What is hybridization?

Hybridization is a concept in chemistry that describes the mixing of atomic orbitals to form new orbitals with different shapes and energies. Hybridization is used to explain the bonding in molecules with multiple covalent bonds.

The most common type of hybridization is sp3 hybridization. In sp3 hybridization, one s orbital and three p orbitals mix to form four new sp3 orbitals. These sp3 orbitals are all directed towards the corners of a tetrahedron.

Other types of hybridization include sp2 hybridization, sp hybridization, and d-orbital hybridization.

What is molecular orbital theory?

Molecular orbital theory is a quantum mechanical model that describes the bonding in molecules. In molecular orbital theory, the electrons in a molecule are not localized around individual atoms, but rather they are delocalized throughout the entire molecule.

The molecular orbitals of a molecule are formed by the linear combination of the atomic orbitals of the atoms in the molecule.

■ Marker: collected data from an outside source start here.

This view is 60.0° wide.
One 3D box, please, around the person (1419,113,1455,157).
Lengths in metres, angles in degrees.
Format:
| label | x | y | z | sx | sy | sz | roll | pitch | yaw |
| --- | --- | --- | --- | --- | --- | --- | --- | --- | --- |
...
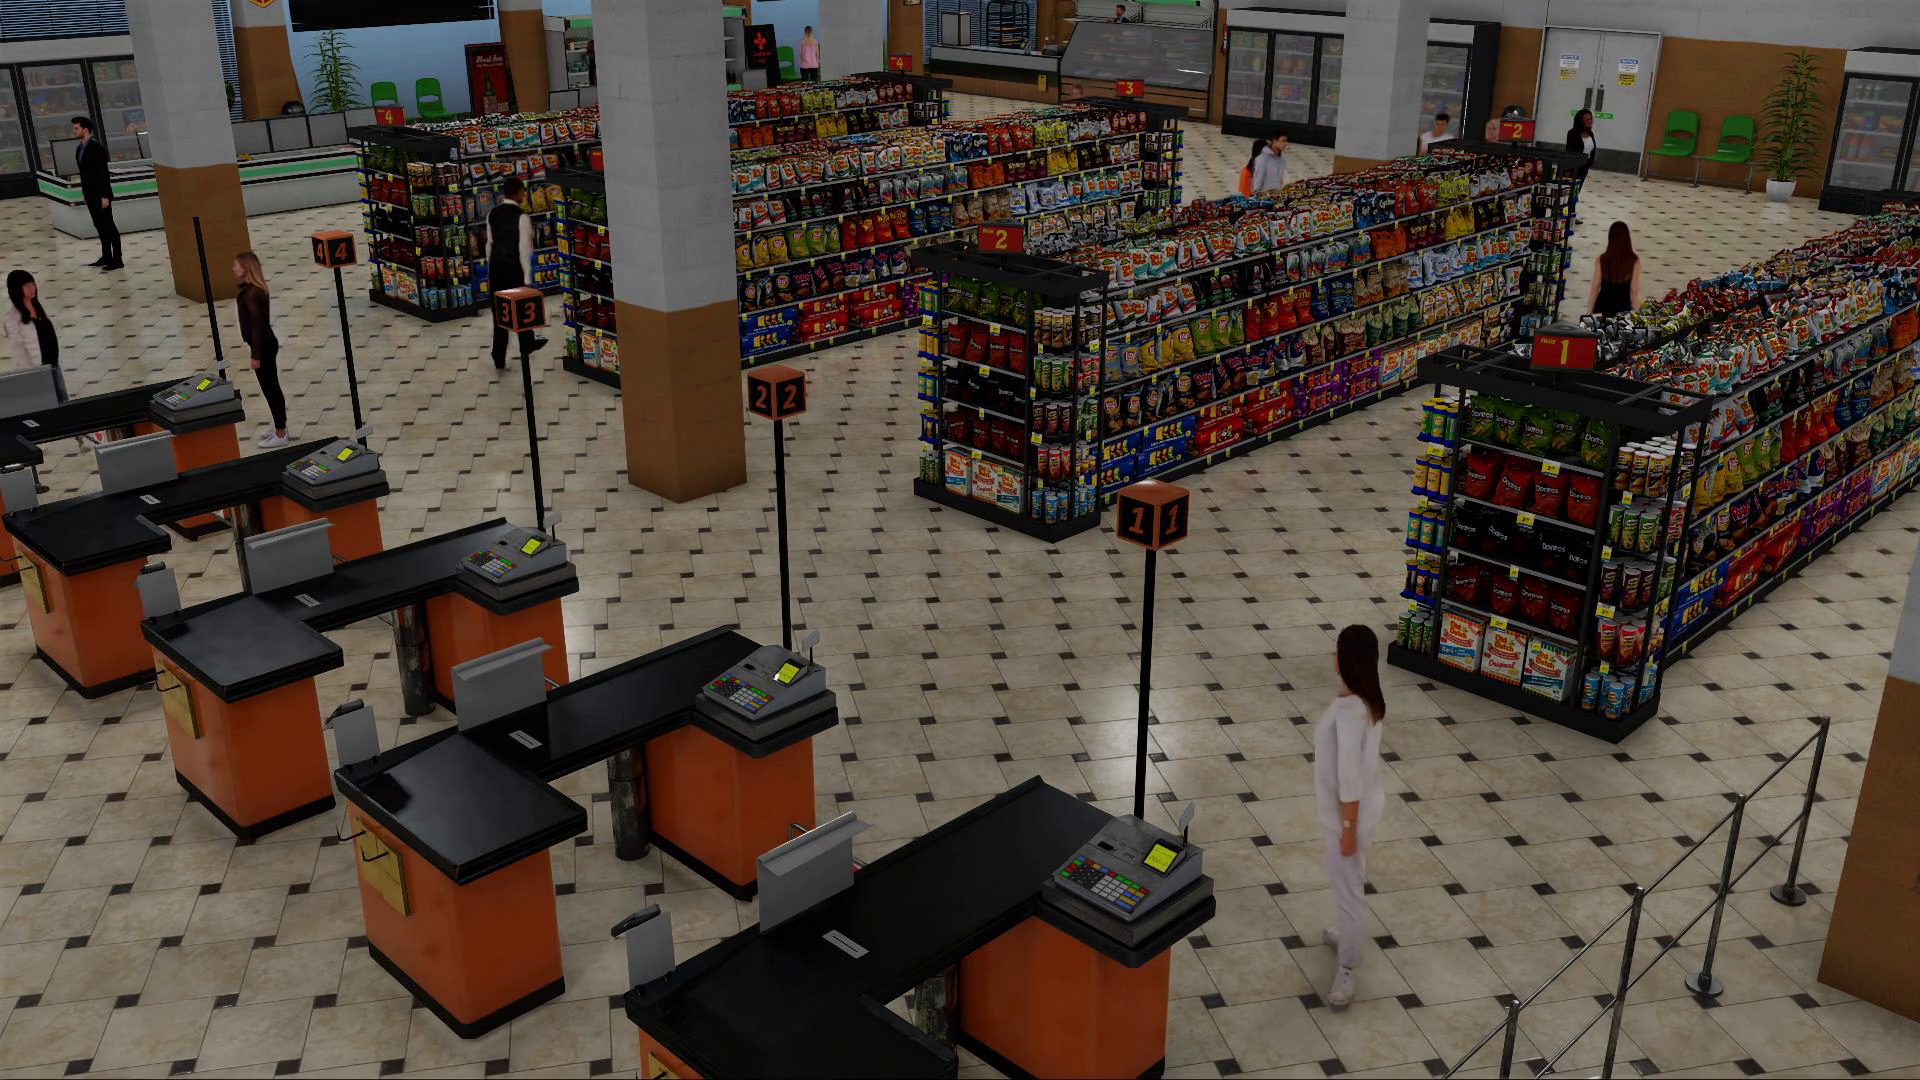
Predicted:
| label | x | y | z | sx | sy | sz | roll | pitch | yaw |
| --- | --- | --- | --- | --- | --- | --- | --- | --- | --- |
| person | 6.374 | -4.826 | 22.244 | 0.734 | 1.754 | 0.733 | 16 | 27 | 34 |

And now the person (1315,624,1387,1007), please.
| label | x | y | z | sx | sy | sz | roll | pitch | yaw |
| --- | --- | --- | --- | --- | --- | --- | --- | --- | --- |
| person | 1.741 | 1.220 | 7.319 | 0.880 | 1.664 | 0.702 | 2 | 22 | 5 |

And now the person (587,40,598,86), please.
| label | x | y | z | sx | sy | sz | roll | pitch | yaw |
| --- | --- | --- | --- | --- | --- | --- | --- | --- | --- |
| person | -6.730 | -8.382 | 31.011 | 0.758 | 1.816 | 0.744 | -4 | 22 | -9 |

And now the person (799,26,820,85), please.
| label | x | y | z | sx | sy | sz | roll | pitch | yaw |
| --- | --- | --- | --- | --- | --- | --- | --- | --- | --- |
| person | -3.210 | -10.076 | 35.402 | 0.626 | 1.686 | 0.735 | -7 | 23 | -16 |

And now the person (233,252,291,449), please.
| label | x | y | z | sx | sy | sz | roll | pitch | yaw |
| --- | --- | --- | --- | --- | --- | --- | --- | --- | --- |
| person | -6.041 | -1.657 | 14.424 | 0.678 | 1.705 | 0.677 | -5 | 22 | -13 |

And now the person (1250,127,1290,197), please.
| label | x | y | z | sx | sy | sz | roll | pitch | yaw |
| --- | --- | --- | --- | --- | --- | --- | --- | --- | --- |
| person | 3.578 | -4.036 | 20.104 | 0.881 | 1.884 | 0.761 | -18 | 28 | -38 |

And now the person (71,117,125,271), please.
| label | x | y | z | sx | sy | sz | roll | pitch | yaw |
| --- | --- | --- | --- | --- | --- | --- | --- | --- | --- |
| person | -10.856 | -4.372 | 20.928 | 0.728 | 1.893 | 0.655 | 15 | 26 | 33 |

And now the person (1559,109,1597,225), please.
| label | x | y | z | sx | sy | sz | roll | pitch | yaw |
| --- | --- | --- | --- | --- | --- | --- | --- | --- | --- |
| person | 8.703 | -5.268 | 23.531 | 0.606 | 1.615 | 0.737 | -15 | 26 | -33 |

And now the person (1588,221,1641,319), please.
| label | x | y | z | sx | sy | sz | roll | pitch | yaw |
| --- | --- | --- | --- | --- | --- | --- | --- | --- | --- |
| person | 6.044 | -2.079 | 15.463 | 0.729 | 1.712 | 0.905 | 11 | 24 | 25 |

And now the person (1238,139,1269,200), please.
| label | x | y | z | sx | sy | sz | roll | pitch | yaw |
| --- | --- | --- | --- | --- | --- | --- | --- | --- | --- |
| person | 3.642 | -3.923 | 20.035 | 0.964 | 1.727 | 0.955 | -6 | 23 | -15 |

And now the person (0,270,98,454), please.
| label | x | y | z | sx | sy | sz | roll | pitch | yaw |
| --- | --- | --- | --- | --- | --- | --- | --- | --- | --- |
| person | -7.894 | -1.467 | 14.101 | 1.030 | 1.593 | 1.111 | 6 | 23 | 15 |

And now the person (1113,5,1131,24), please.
| label | x | y | z | sx | sy | sz | roll | pitch | yaw |
| --- | --- | --- | --- | --- | --- | --- | --- | --- | --- |
| person | 3.711 | -11.417 | 38.497 | 0.548 | 1.867 | 0.626 | -20 | 30 | -41 |

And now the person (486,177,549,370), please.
| label | x | y | z | sx | sy | sz | roll | pitch | yaw |
| --- | --- | --- | --- | --- | --- | --- | --- | --- | --- |
| person | -4.521 | -2.607 | 16.573 | 1.167 | 1.865 | 1.358 | 5 | 22 | 12 |

The molecular orbitals can be bonding, antibonding, or nonbonding.

Bonding molecular orbitals

Question 1

Which of the following is not a type of chemical bond?

(A) Ionic bond
(B) Covalent bond
(C) Metallic bond
(D) Hydrogen bond
(E) Van der Waals force

Answer

(E) Van der Waals force is not a type of chemical bond. It is a type of intermolecular force.

Question 2

In a covalent bond, atoms share electrons. Which of the following is not a factor that affects the strength of a covalent bond?

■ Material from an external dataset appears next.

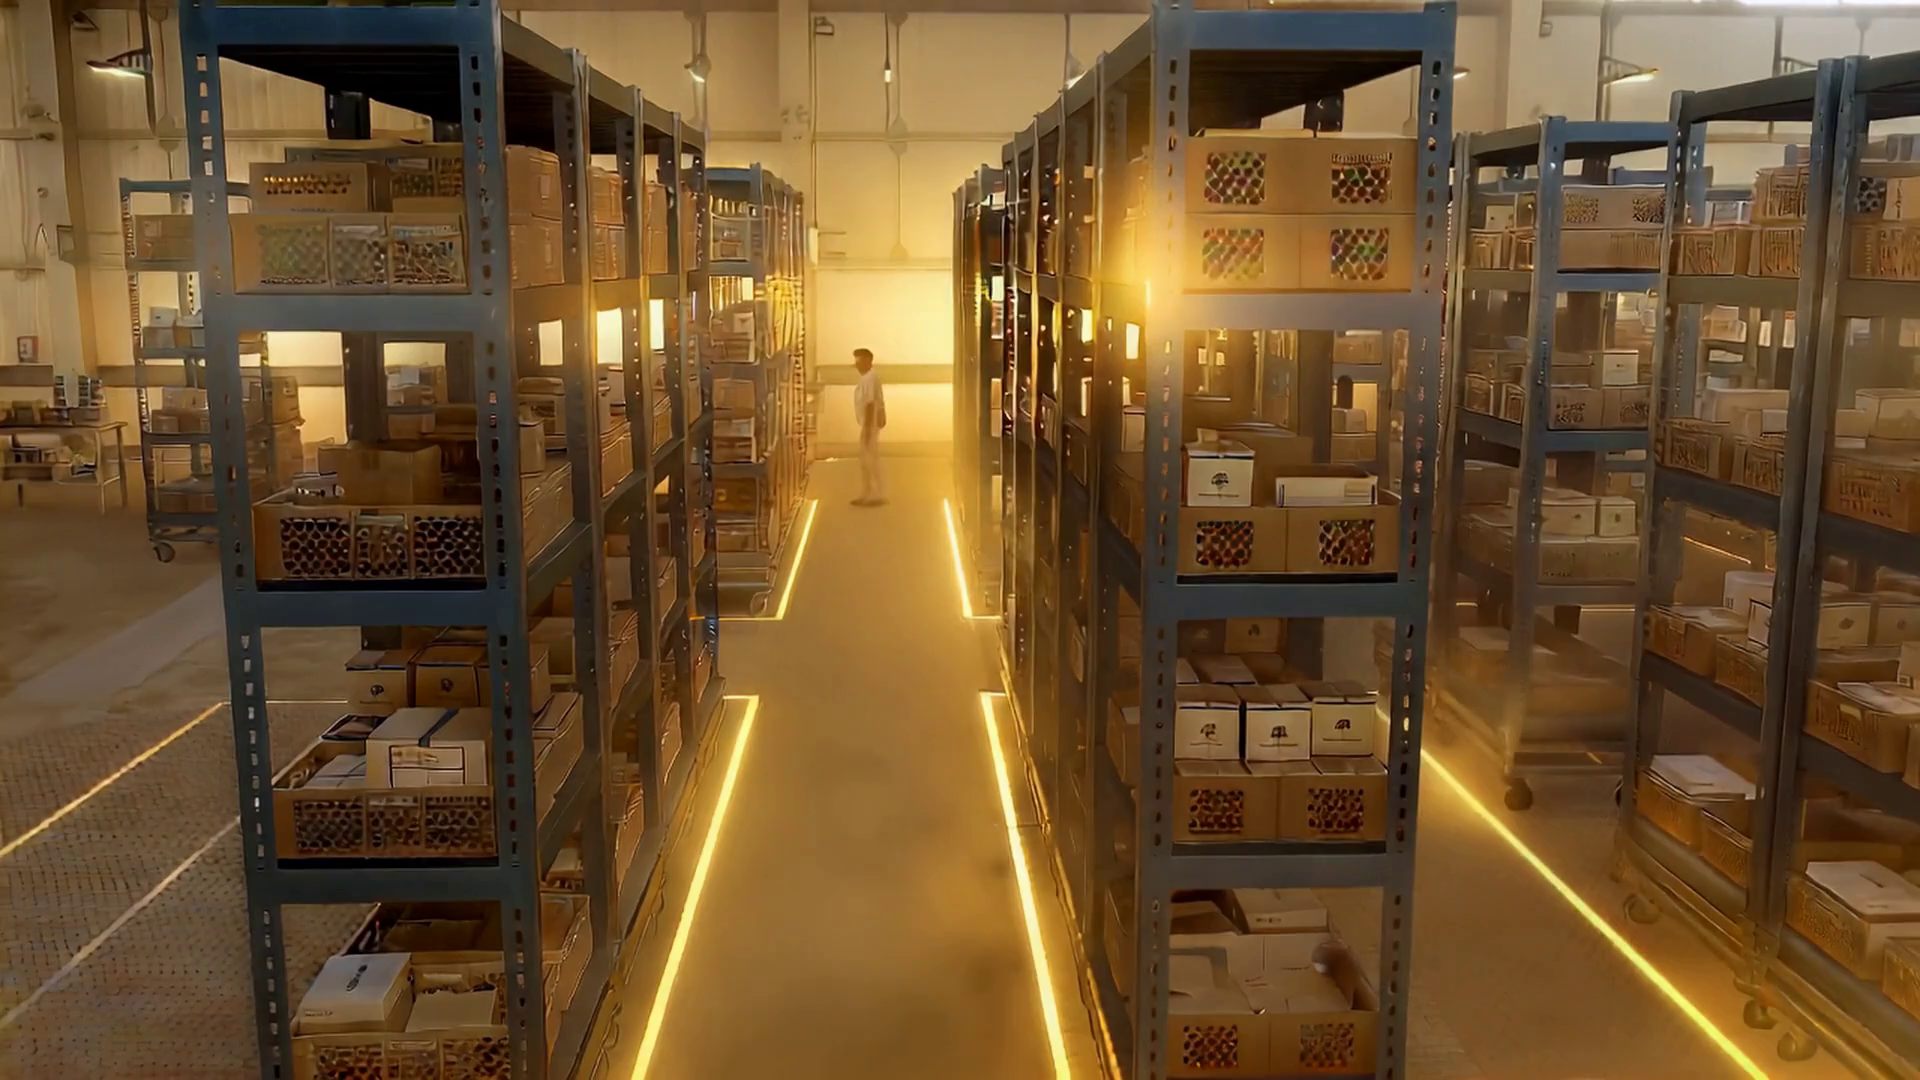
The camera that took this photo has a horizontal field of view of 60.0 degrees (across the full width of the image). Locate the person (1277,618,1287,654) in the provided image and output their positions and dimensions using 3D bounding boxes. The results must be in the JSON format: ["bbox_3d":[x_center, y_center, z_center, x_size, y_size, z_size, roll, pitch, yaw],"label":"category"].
[{"bbox_3d":[1.963,0.286,10.200,0.599,1.813,0.532,-3,10,-17],"label":"person"}]

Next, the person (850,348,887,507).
[{"bbox_3d":[-1.056,-1.290,19.131,0.441,1.828,0.578,-1,10,-3],"label":"person"}]

(A) The electronegativity of the atoms involved
(B) The number of electrons shared
(C) The distance between the atoms
(D) The type of orbitals involved
(E) The presence of lone pairs of electrons

Answer

(D) The type of orbitals involved does not affect the strength of a covalent bond. The other factors do affect the strength of a covalent bond.

Question 3

Which of the following is not a type of ionic bond?

(A) Sodium chloride (NaCl)
(B) Magnesium oxide (MgO)
(C) Calcium carbonate (CaCO3)
(D) Potassium bromide (KBr)
(E) Ammonium nitrate (NH4NO3)

Answer

(E) Ammonium nitrate (NH4NO3) is not a type of ionic bond. It is a type of covalent bond.

Question 4

Which of the following is not a type of metallic bond?

(A) Sodium
(B) Copper
(C) Gold
(D) Iron
(E) Magnesium

Answer

(E) Magnesium is not a type of metallic bond. It is a type of covalent bond.

Question 5

Which of the following is not a type of hydrogen bond?

(A) Water
(B) Ammonia
(C) Methanol
(D) Ethanol
(E) Hydrogen fluoride

Answer

(D) Ethanol is not a type of hydrogen bond. It is a type of covalent bond.

Question 6

Which of the following is not a type of van der Waals force?

(A) London dispersion force
(B) Dipole-dipole force
(C) Hydrogen bond
(D) Ion-dipole force
(E) Ion-induced dipole force

Answer

(C) Hydrogen bond is not a type of van der Waals force. It is a type of intermolecular force.

Question 7

Which of the following is not a factor that affects the strength of a van der Waals force?

(A) The polarizability of the atoms or molecules involved
(B) The surface area of the atoms or molecules involved
(C) The temperature of the atoms or molecules involved
(D) The distance between the atoms or molecules involved
(E) The type of atoms or molecules involved

Answer

(E) The type of atoms or molecules involved does not affect the strength of a van der Waals force. The other factors do affect the strength of a van der Waals force.